Just about everything works, but I run to this same issue as with several generations of Mandriva in the past.

I install Mdv on my laptop, and the installation chooses the highest supported, "native" resolution of the monitor.

In my laptop, this is 1920x1200 which is unusable.

The "native" resolution is the only widescreen format resolution it shows, the other choices are 5:3 resolutions.

The steps down should be 1680x1050, then 1440x900 which I use when running Windows or Ubuntu.

I tried to get the Nvidia settings not to force the native res, but it gets ignored.

Is there a way to override this in /etc/X11/xorg.conf?

My Ubuntu installation on this computer uses the same Nvidia driver, but it allows me to change res to 1440x900.
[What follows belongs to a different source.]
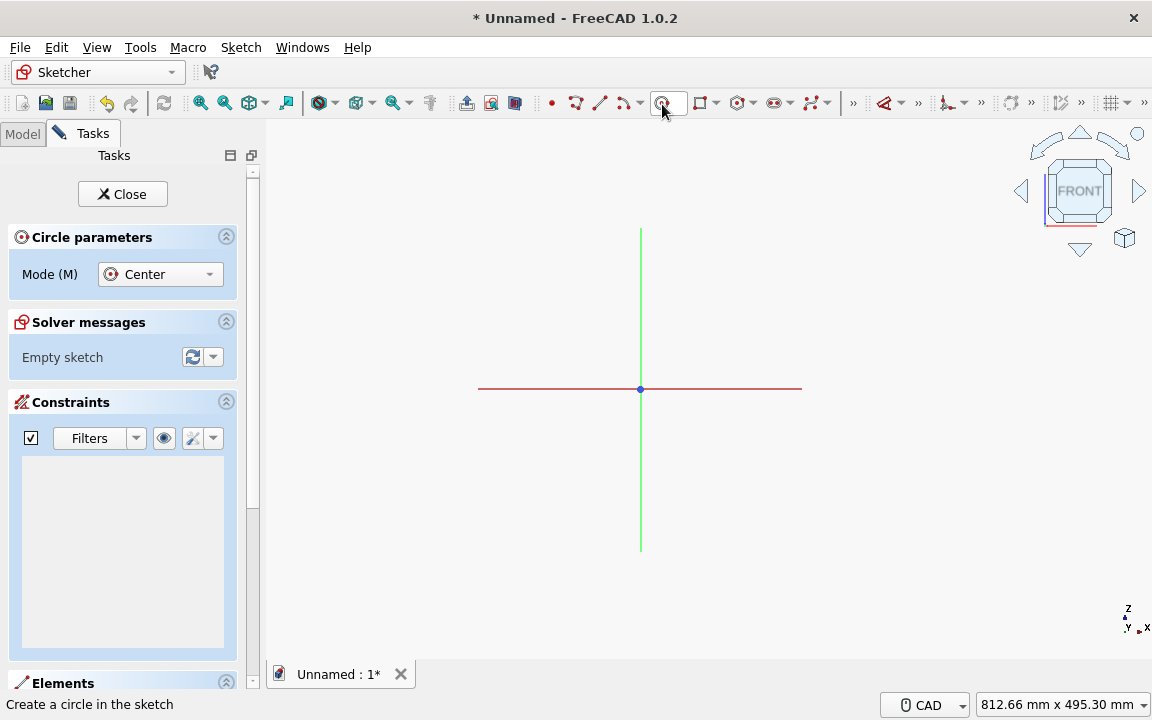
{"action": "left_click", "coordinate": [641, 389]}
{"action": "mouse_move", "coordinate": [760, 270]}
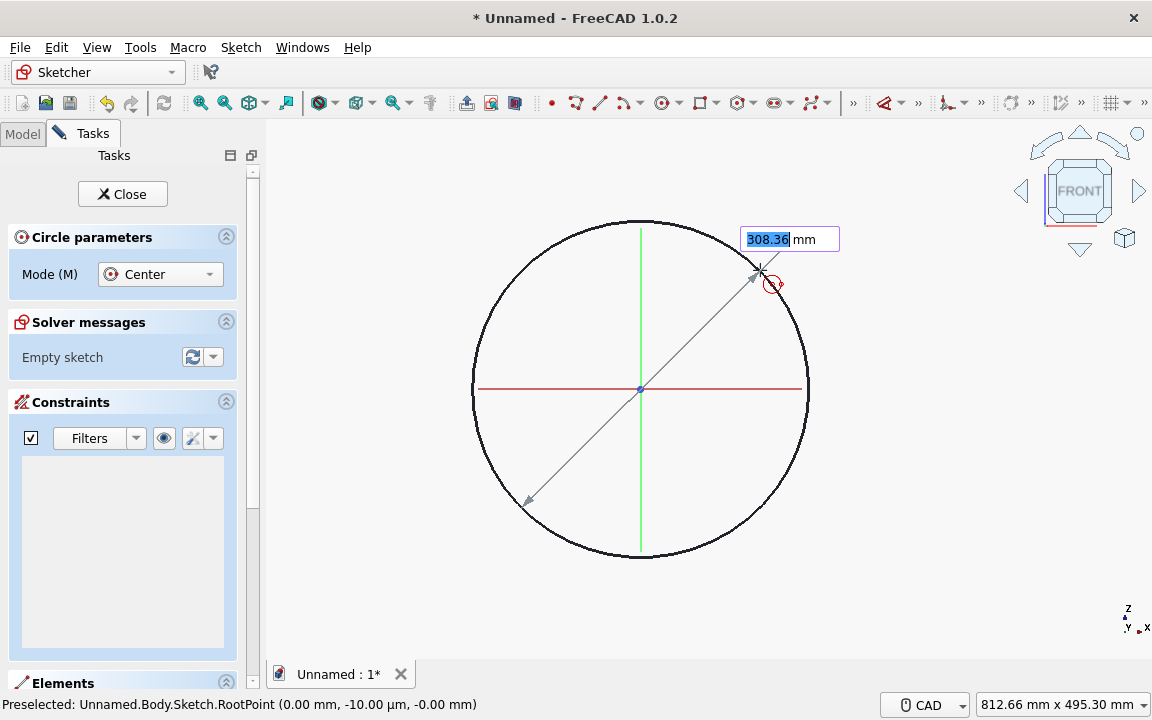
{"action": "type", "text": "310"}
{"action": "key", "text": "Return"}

Also, is it possible to toggle between an external monitor and the laptop screen using Fn-F7?

Any ideas?

Thank you,

Hannu

I replied to your other post with some instructions as to how to edit /etc/X11/xorg.conf.

 

Fn+F7 works on my T61, but to get it working I had to edit various files related to acpi and also created a script from various bits and pieces I found on ThinkWiki. The script uses xrandr since have intel X3100 graphics. AFAIK, Nvidia has its own utility to configure external monitor, you could try using it instead.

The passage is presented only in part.